Sisters Meals Festival of Miao People

Written by Sally Guo Updated Jun. 18, 2021

Date: 15th-17th of the third lunar month

Place: Taijiang and Jianhe Counties in the Guizhou Province

The Sisters' Meals Festival is celebrated by the Miao people in Southwest China's Guizhou Province, especially in Taijiang and Jianhe Counties along the banks of the Qingshui River. It is considered the oldest Asian Valentine's Day (as well as a celebration of springtime) where young singles still come out hoping to meet a soul mate.

A few days before the festival, local Miao girls collect special wildflowers and leaves from the mountains to produce natural color dyes for the glutinous rice known as "sisters' rice."

At festival time, the girls dress up in their finest including elegant and beautifully elaborate silver headdresses, crowns, neck rinks, and chest locks. Silver is used predominantly because it is a symbol of purity. They then gather together by the riverbank to prepare their "sisters' rice." The rice has dyed a range of colors such as blue, red, yellow, and white to represent spring, summer, autumn, and winter respectively.

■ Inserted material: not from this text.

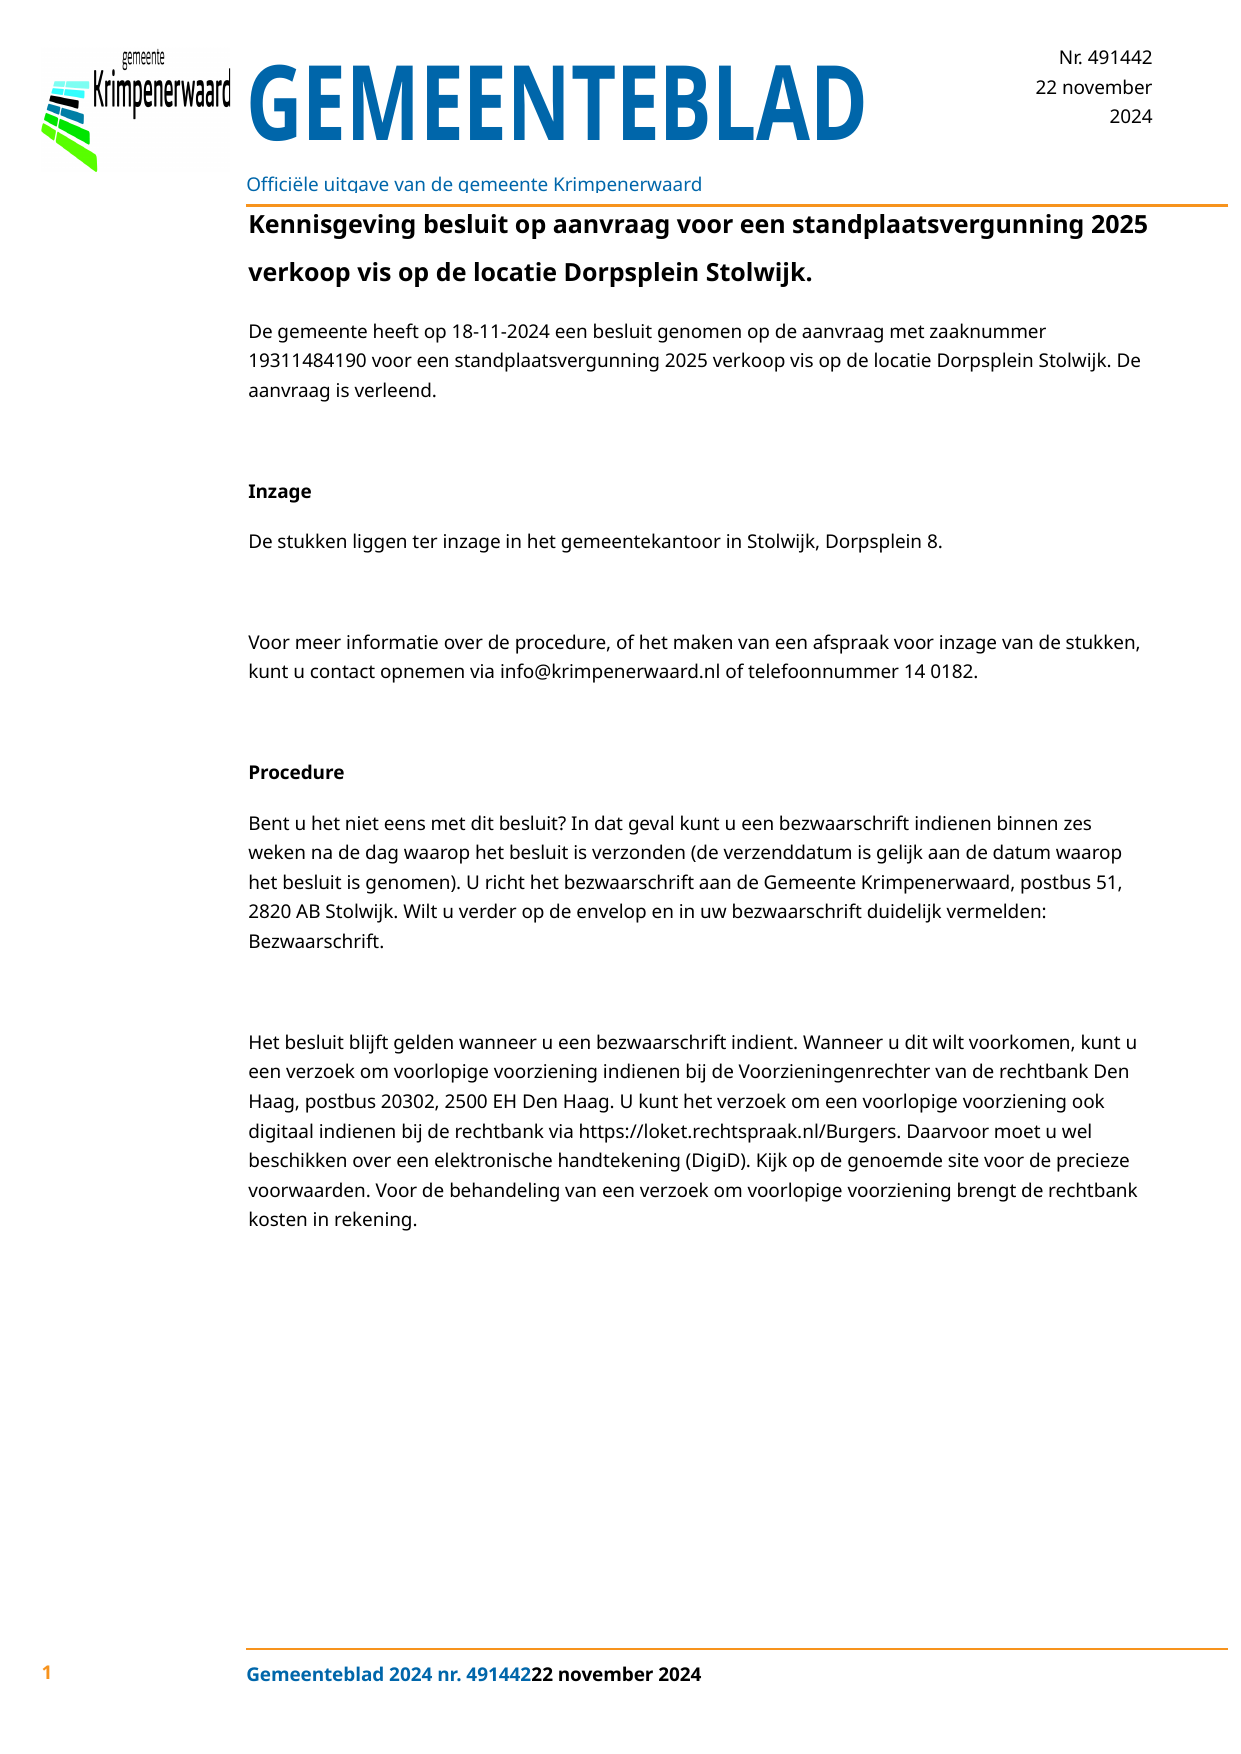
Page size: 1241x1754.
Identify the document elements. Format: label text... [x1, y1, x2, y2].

When the young men arrive at their village of choice, they slowly single out the women they hope to marry someday and then sing for them. The young women respond to their songs by giving them a drink of rice wine and the sisters' rice wrapped in handkerchiefs that contain different symbols. A pair of red chopsticks means "I love you too;" one chopstick means "no, thank you;" garlic or red chili indicates a flat refusal, and pine needles indicate that the boy should present silks and colorful threads and that she will wait for him.

There are also many other activities especially for the elders who already have a partner, including bullfighting, horseracing, drum dancing, rowing, and Lusheng music.